(Exercise): Every line from the one containing "line L3 (-30, 0) -> (0, 0)" to the one containing "L10 | A0 bodies 1" in the records below, both included, must be set down exactly, and no other line.

(Data for this task):
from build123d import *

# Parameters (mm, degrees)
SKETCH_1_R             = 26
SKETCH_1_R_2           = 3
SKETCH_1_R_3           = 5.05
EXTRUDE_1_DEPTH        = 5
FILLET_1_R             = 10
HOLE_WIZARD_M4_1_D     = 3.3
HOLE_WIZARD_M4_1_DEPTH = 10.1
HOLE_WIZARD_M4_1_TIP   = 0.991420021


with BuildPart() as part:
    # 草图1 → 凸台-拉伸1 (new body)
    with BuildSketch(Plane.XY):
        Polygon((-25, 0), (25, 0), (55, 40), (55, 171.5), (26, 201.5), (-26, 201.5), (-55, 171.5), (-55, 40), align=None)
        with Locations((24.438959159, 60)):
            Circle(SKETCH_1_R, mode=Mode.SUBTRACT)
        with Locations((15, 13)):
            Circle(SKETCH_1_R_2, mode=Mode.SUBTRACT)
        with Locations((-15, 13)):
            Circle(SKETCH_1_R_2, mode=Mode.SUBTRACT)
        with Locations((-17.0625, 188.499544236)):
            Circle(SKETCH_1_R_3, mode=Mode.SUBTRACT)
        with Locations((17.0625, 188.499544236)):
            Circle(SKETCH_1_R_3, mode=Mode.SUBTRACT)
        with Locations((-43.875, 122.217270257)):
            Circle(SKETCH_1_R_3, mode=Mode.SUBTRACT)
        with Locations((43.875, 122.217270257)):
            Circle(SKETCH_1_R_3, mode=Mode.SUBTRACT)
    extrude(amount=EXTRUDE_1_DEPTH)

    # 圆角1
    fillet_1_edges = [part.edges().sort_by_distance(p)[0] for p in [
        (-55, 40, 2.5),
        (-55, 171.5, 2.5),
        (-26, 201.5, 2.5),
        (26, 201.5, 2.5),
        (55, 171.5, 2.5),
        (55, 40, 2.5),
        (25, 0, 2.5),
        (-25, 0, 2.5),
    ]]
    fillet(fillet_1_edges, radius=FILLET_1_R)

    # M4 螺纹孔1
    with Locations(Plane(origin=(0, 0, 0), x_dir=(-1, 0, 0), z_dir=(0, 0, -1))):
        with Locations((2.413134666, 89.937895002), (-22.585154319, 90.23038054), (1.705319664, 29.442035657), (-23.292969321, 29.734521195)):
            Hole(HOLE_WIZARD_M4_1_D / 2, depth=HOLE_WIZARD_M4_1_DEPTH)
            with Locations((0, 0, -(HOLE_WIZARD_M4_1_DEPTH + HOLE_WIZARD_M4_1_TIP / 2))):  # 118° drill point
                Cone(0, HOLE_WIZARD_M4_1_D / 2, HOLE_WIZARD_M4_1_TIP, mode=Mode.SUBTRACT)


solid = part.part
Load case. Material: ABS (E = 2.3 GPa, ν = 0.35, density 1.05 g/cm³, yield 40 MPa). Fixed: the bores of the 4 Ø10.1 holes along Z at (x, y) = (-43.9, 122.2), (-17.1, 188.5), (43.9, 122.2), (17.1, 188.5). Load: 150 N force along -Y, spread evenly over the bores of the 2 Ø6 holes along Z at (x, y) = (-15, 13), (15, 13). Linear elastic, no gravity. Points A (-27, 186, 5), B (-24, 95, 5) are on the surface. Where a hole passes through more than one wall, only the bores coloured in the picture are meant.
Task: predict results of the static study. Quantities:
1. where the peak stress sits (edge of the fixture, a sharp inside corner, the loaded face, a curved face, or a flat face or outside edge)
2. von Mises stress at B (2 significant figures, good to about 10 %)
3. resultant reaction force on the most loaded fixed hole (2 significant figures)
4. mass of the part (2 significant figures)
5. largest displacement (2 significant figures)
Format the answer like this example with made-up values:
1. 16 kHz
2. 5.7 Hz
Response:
...
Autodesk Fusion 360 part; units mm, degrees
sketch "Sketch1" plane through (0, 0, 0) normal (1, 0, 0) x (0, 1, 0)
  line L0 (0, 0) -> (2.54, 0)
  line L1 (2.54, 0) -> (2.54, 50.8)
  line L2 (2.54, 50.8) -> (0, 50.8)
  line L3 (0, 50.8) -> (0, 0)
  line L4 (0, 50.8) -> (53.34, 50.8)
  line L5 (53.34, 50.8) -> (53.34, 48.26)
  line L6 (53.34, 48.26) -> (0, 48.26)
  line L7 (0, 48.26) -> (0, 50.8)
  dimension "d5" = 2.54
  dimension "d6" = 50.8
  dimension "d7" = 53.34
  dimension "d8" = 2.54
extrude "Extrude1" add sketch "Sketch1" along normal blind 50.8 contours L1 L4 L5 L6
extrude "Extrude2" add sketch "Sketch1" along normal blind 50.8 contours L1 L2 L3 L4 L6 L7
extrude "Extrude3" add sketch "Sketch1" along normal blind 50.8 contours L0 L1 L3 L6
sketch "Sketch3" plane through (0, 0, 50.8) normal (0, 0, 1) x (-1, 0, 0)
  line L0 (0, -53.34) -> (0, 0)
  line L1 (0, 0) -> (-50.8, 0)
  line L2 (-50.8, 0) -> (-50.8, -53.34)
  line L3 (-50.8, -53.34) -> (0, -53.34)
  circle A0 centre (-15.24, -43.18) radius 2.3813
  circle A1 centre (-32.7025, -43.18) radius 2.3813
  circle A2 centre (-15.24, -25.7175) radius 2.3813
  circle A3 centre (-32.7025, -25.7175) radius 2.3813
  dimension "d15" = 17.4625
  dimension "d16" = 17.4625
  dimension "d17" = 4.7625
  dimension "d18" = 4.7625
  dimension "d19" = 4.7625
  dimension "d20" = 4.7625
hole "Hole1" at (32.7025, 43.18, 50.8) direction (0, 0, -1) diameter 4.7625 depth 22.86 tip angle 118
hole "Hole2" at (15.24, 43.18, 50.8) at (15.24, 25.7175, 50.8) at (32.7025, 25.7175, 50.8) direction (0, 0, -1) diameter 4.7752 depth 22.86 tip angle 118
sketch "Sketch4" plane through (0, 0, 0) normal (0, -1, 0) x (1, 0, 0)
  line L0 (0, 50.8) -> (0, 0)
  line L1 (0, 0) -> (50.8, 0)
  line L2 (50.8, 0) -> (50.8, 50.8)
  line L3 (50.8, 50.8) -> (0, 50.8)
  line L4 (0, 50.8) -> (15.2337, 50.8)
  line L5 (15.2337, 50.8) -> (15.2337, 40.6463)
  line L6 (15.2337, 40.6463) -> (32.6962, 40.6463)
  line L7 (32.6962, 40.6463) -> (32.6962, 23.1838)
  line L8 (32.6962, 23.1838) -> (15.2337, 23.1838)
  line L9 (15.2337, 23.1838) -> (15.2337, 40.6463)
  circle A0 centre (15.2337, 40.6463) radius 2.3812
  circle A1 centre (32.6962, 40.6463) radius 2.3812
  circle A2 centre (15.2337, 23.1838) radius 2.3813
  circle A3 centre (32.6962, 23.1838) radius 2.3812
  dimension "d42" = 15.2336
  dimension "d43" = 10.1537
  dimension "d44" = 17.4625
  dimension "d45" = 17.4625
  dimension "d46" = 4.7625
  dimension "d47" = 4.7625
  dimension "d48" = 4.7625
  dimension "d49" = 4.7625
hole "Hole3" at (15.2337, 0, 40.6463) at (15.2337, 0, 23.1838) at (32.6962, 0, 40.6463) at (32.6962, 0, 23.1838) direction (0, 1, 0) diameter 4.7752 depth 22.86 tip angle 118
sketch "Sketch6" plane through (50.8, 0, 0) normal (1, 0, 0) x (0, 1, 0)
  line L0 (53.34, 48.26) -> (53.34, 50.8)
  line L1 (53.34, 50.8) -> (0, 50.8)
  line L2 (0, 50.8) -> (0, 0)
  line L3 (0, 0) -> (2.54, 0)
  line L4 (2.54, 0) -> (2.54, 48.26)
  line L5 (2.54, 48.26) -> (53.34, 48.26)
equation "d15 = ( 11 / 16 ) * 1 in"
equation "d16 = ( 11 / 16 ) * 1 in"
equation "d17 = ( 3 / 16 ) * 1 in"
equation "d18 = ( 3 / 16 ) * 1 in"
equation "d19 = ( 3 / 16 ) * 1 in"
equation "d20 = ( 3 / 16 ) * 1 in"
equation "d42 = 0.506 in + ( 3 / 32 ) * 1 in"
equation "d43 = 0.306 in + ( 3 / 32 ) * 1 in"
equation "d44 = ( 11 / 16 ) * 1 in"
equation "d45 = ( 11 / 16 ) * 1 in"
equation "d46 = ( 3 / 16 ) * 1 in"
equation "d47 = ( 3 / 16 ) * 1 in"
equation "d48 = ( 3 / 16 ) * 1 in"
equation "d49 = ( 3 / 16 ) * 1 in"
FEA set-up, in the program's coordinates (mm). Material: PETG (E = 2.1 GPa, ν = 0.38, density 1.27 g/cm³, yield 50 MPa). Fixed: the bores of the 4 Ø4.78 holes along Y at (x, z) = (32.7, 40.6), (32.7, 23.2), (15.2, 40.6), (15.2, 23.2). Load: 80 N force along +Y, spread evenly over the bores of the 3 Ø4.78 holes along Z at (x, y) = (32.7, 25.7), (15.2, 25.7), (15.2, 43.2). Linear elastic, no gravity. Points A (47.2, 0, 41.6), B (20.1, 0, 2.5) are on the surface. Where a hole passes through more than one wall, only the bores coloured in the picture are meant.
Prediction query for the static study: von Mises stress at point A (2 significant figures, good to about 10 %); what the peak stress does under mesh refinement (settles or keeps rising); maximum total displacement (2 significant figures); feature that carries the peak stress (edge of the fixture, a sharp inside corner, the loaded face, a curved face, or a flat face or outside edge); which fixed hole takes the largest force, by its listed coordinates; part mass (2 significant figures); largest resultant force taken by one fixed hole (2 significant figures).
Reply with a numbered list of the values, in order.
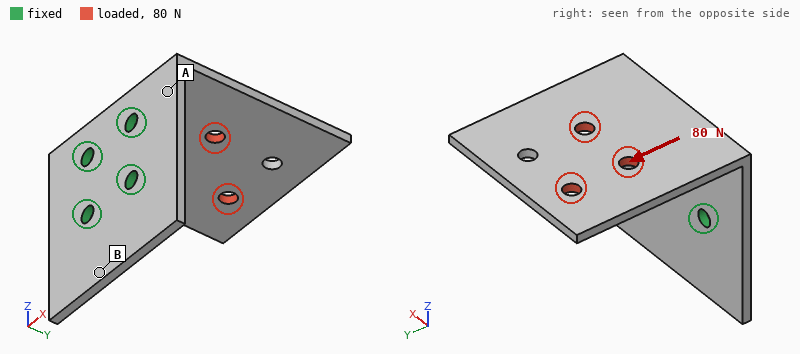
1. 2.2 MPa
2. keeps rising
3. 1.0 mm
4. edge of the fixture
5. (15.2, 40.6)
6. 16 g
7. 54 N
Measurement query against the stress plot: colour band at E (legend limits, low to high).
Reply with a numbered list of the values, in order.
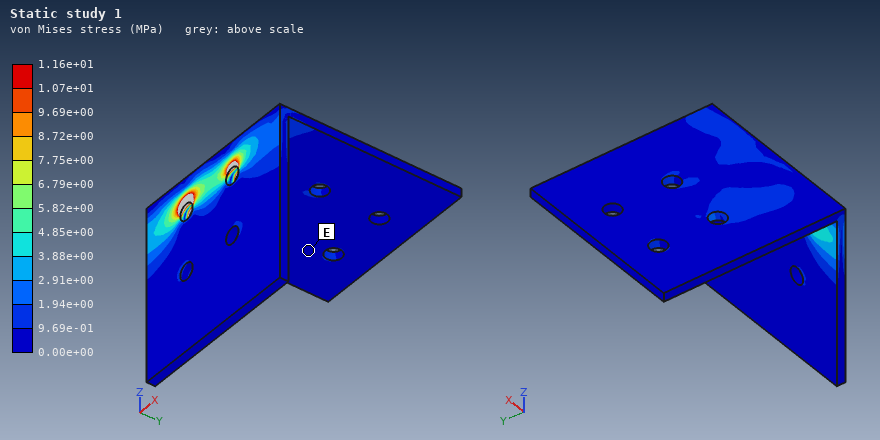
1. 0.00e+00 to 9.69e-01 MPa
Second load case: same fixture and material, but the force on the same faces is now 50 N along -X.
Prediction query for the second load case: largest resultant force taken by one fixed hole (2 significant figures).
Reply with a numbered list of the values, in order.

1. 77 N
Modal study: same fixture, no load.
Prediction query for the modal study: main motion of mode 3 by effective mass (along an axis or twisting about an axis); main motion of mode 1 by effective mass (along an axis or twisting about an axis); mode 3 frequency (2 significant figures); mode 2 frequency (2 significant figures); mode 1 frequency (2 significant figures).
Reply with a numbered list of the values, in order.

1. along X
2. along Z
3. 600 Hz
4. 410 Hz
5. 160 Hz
---
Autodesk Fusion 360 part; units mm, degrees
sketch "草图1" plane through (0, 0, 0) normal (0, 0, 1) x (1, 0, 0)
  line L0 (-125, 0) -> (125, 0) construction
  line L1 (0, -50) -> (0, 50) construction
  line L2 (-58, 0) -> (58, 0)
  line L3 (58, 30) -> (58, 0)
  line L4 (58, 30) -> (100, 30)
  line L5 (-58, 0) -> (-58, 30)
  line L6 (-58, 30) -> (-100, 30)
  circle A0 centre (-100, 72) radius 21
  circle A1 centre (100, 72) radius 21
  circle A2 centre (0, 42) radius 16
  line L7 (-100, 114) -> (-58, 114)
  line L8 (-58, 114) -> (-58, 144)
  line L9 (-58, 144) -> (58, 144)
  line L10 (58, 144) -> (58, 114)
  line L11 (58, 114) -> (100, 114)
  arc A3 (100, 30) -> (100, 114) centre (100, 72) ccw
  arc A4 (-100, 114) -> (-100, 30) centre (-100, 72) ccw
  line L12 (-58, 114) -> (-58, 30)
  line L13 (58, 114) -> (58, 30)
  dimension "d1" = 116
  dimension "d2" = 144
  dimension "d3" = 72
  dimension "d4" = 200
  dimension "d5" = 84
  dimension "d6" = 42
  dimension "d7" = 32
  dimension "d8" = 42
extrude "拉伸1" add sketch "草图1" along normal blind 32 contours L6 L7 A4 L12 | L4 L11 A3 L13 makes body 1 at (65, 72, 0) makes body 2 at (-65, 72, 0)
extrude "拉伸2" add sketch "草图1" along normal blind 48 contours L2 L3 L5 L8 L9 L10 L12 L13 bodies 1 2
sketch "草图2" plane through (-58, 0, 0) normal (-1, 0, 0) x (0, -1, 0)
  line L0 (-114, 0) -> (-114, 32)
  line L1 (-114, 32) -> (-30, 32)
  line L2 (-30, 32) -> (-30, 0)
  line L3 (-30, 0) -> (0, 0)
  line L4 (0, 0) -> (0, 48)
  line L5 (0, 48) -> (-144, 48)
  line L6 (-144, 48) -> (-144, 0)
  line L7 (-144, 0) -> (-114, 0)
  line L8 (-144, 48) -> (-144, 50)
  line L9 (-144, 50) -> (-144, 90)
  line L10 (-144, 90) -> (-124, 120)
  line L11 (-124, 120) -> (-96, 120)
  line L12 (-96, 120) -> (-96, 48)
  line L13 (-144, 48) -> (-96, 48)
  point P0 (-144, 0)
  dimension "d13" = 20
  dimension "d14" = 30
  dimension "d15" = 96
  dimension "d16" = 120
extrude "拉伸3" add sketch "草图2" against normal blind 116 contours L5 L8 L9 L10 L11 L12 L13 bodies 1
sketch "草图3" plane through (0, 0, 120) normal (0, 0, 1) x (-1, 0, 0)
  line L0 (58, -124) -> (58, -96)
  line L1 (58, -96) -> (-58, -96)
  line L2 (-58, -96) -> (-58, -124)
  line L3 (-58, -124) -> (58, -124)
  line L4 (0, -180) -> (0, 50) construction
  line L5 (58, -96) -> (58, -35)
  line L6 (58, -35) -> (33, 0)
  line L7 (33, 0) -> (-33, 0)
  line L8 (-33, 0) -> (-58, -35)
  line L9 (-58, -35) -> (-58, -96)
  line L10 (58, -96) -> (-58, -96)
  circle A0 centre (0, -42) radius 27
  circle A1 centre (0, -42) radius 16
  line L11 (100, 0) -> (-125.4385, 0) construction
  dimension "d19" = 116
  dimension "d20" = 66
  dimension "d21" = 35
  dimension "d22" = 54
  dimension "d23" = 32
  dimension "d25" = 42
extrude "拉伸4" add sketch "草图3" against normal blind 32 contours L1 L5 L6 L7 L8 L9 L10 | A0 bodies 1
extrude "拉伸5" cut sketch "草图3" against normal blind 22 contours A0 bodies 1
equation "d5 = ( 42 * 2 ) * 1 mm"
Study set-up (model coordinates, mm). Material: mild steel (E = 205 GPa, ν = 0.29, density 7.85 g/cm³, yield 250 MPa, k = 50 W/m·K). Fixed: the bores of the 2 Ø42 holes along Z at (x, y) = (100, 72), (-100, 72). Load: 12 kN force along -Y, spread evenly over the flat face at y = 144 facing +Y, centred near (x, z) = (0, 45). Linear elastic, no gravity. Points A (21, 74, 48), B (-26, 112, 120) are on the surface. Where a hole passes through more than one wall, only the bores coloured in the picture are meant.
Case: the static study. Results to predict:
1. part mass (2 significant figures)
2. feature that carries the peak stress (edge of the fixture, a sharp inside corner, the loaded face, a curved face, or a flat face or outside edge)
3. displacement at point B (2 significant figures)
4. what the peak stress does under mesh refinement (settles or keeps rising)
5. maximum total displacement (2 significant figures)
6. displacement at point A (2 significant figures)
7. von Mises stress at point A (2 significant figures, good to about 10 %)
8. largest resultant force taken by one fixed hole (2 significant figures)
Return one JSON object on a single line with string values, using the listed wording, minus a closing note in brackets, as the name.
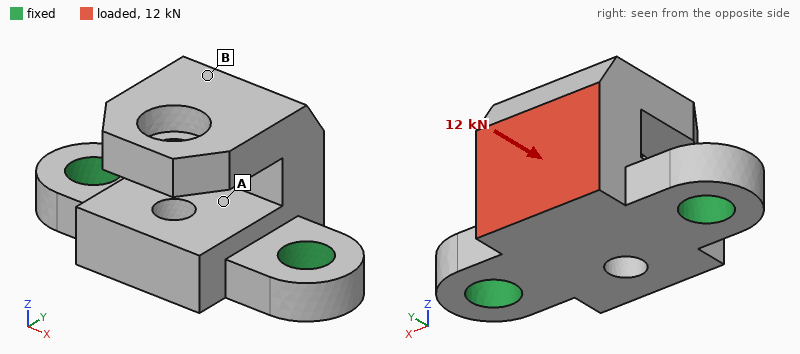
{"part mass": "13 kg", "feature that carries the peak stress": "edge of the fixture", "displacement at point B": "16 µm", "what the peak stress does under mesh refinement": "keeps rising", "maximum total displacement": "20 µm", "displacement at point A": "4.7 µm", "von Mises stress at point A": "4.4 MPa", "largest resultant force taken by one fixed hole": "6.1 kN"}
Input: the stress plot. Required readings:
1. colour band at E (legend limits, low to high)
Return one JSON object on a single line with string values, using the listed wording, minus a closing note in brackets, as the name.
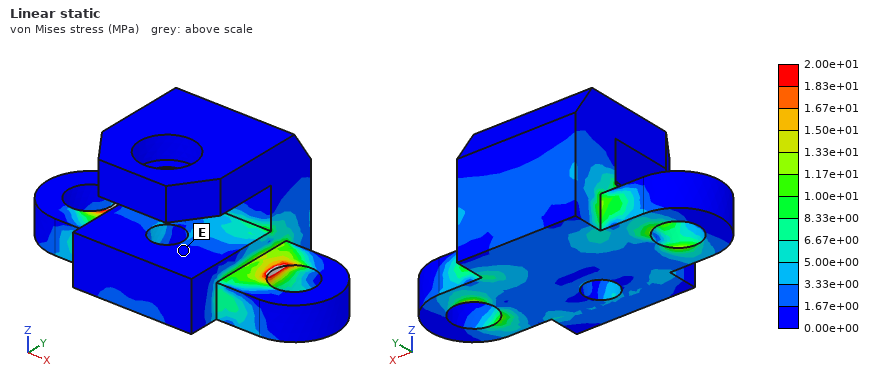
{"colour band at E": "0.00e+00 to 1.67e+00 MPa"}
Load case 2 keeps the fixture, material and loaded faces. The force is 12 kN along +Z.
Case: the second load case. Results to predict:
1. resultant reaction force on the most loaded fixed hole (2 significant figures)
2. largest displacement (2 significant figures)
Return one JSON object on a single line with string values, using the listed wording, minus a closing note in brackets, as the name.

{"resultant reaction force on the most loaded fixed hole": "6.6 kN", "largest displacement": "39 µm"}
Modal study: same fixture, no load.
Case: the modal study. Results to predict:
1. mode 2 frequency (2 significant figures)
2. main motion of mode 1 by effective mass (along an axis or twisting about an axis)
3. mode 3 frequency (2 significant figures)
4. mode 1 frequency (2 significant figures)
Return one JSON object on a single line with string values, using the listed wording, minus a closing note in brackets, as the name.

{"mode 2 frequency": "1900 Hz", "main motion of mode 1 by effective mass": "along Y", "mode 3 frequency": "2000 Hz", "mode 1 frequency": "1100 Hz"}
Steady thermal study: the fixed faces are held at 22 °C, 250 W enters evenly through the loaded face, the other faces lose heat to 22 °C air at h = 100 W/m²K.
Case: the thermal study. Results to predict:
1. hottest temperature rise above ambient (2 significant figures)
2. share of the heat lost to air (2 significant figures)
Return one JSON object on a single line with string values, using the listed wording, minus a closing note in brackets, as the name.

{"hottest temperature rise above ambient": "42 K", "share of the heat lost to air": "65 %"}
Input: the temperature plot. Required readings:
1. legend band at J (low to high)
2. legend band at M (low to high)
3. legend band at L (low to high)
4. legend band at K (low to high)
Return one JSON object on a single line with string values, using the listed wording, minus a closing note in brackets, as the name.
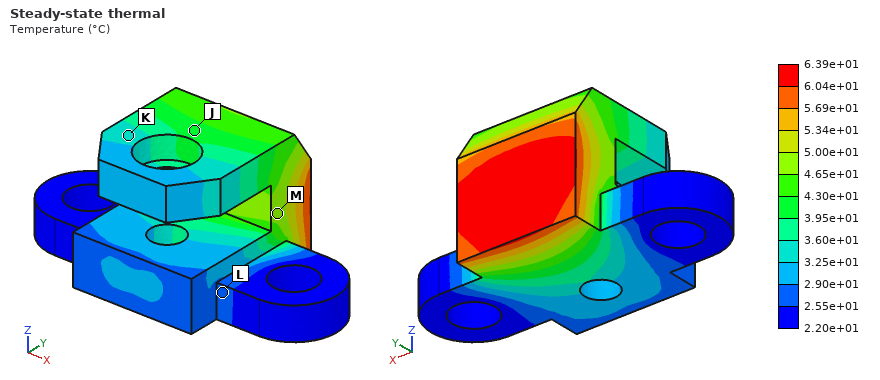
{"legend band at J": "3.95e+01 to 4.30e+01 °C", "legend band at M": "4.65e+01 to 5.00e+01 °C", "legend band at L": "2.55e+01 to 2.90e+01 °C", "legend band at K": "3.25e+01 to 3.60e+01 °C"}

(Solution below):
  line L3 (-30, 0) -> (0, 0)
  line L4 (0, 0) -> (0, 48)
  line L5 (0, 48) -> (-144, 48)
  line L6 (-144, 48) -> (-144, 0)
  line L7 (-144, 0) -> (-114, 0)
  line L8 (-144, 48) -> (-144, 50)
  line L9 (-144, 50) -> (-144, 90)
  line L10 (-144, 90) -> (-124, 120)
  line L11 (-124, 120) -> (-96, 120)
  line L12 (-96, 120) -> (-96, 48)
  line L13 (-144, 48) -> (-96, 48)
  point P0 (-144, 0)
  dimension "d13" = 20
  dimension "d14" = 30
  dimension "d15" = 96
  dimension "d16" = 120
extrude "拉伸3" add sketch "草图2" against normal blind 116 contours L5 L8 L9 L10 L11 L12 L13 bodies 1
sketch "草图3" plane through (0, 0, 120) normal (0, 0, 1) x (-1, 0, 0)
  line L0 (58, -124) -> (58, -96)
  line L1 (58, -96) -> (-58, -96)
  line L2 (-58, -96) -> (-58, -124)
  line L3 (-58, -124) -> (58, -124)
  line L4 (0, -180) -> (0, 50) construction
  line L5 (58, -96) -> (58, -35)
  line L6 (58, -35) -> (33, 0)
  line L7 (33, 0) -> (-33, 0)
  line L8 (-33, 0) -> (-58, -35)
  line L9 (-58, -35) -> (-58, -96)
  line L10 (58, -96) -> (-58, -96)
  circle A0 centre (0, -42) radius 27
  circle A1 centre (0, -42) radius 16
  line L11 (100, 0) -> (-125.4385, 0) construction
  dimension "d19" = 116
  dimension "d20" = 66
  dimension "d21" = 35
  dimension "d22" = 54
  dimension "d23" = 32
  dimension "d25" = 42
extrude "拉伸4" add sketch "草图3" against normal blind 32 contours L1 L5 L6 L7 L8 L9 L10 | A0 bodies 1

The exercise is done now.